Вернувшись, я промыл кальмара горячей водой, выдернул из тушек стеклистые пластины, мелко порезал мясо и быстро проварил в клокочущей воде, соленой, словно родная кальмару среда.
Обильно заправив блюдо майонезом, чувствуя сильный аппетит, неодолимый, как сексуальное влечение, я дал себе слово никогда больше не курить до завтрака, страстно отломил крупный кусок черного хлеба, черпанул деревянной ложкой лежащую в тарелке белую слизь.
И через секунду меня вырвало прямо на стол. Выпучив глаза, я с болью давился желчью, кланяясь, будто в молитве, я рыгал и плакал над собственным остывающим варевом. Потому что вспомнил, наконец, свой сегодняшний сон.
Мне снился большой черный кальмар, размером с взрослого мужчину.
Я увидел просторный зал, щедро освещенный через круглое отверстие в потолке.

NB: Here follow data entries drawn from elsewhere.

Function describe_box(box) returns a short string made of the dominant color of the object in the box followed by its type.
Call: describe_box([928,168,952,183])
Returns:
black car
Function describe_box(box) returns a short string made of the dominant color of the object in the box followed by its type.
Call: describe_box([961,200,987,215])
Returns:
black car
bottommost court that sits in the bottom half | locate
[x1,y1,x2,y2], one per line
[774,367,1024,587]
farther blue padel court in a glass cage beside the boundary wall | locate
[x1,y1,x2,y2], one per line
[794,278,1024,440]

Посреди зала, на овальном каменном ложе лежала женщина. На нее напал кальмар, он душил и мучил ее, она громко кричала.
Я бросился вперед, но замер в нескольких шагах, потому что разглядел, наконец, что здесь на самом деле происходит.
Я не сразу понял, что эта женщина — ты, и не сразу понял, что чудовище вовсе не душит тебя, а ебет, и это доставляет тебе безумное удовольствие… Это были не боли и ужаса крики, а стоны наслаждения и животной радости.

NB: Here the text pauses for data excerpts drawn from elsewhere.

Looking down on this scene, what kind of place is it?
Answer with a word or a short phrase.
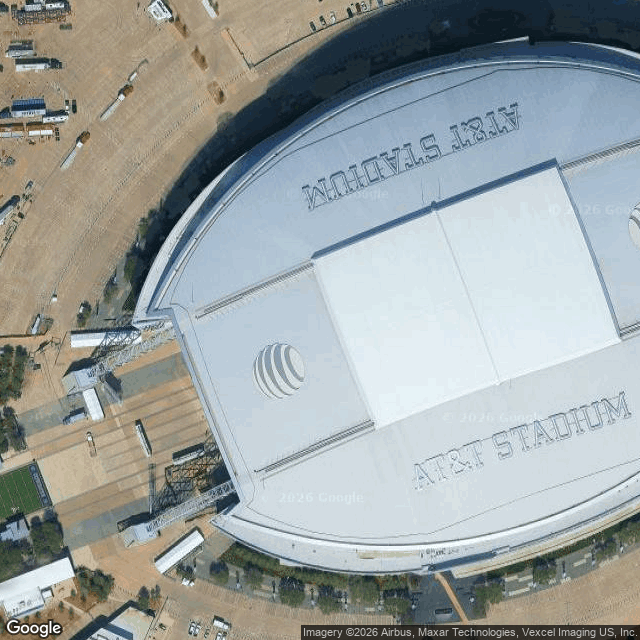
sports ground
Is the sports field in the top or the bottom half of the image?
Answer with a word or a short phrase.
bottom
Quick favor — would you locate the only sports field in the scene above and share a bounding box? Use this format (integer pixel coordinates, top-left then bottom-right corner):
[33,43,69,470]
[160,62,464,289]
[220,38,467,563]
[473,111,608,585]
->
[0,463,52,526]
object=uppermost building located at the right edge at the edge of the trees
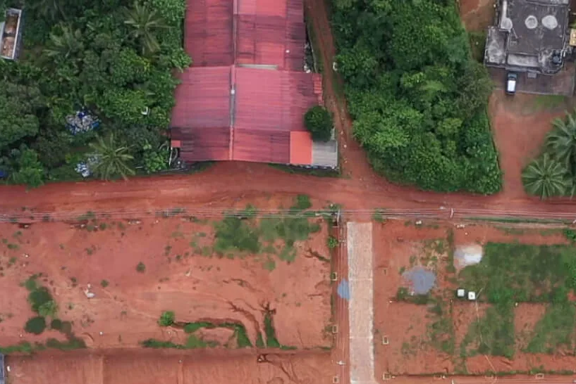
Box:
[486,0,569,79]
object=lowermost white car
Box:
[504,72,517,94]
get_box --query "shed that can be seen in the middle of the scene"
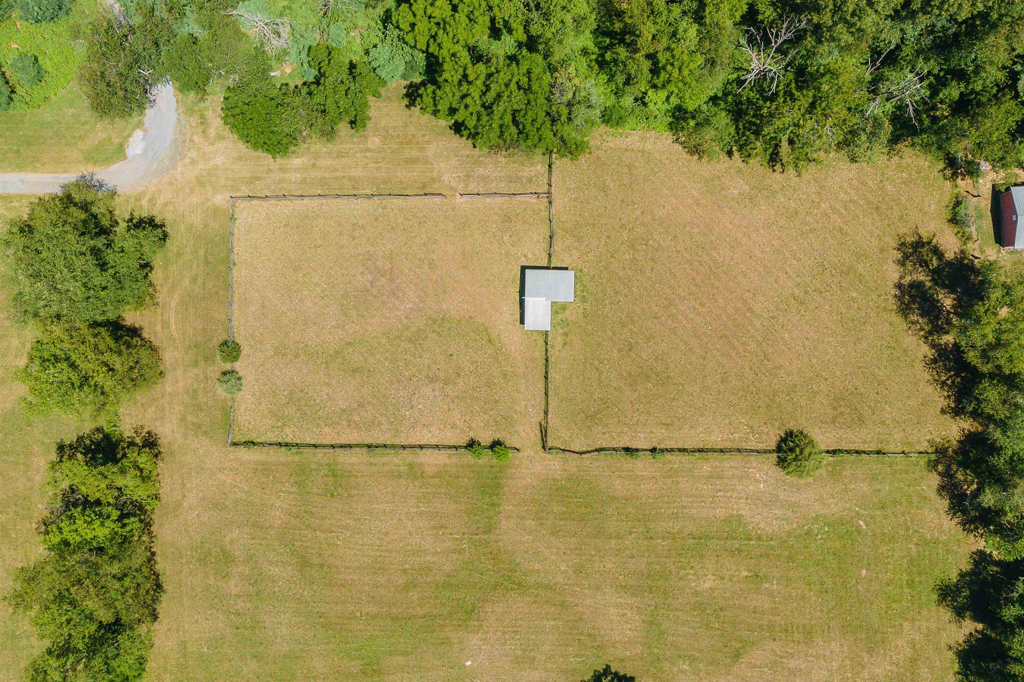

Я проснулся в ужасе и тоске… Вот почему все это утро было таким напряженным и странным… Тем же вечером знакомая профессионалка истолковала мой черный эротический сон.
[Конец]
Не знаю, как назвать главу
1
Но все равно: пусть будет новая глава. После этого образца его творчества прошлых лет. Талант, несомненный талант! Умеет все же неожиданно ткнуть читателя носом в жопу. Только в одном месте подкачал: «размером с взрослого мужчину». МСВЗР — спотыкаешься о нагромождение согласных.
Одного не пойму: как это может взрослый человек, писатель, серьезно полагать, что кому-то может быть интересно, как кому-то там приснился кальмар, как он проснулся, пошел в магазин, купил кальмара и так далее. Если бы эта литература жить учила, с невзгодами бороться. Или, например — прочла и сразу поняла, как достойного себе мужчину найти. А для мужчин: прочел — и бабло научился рубить.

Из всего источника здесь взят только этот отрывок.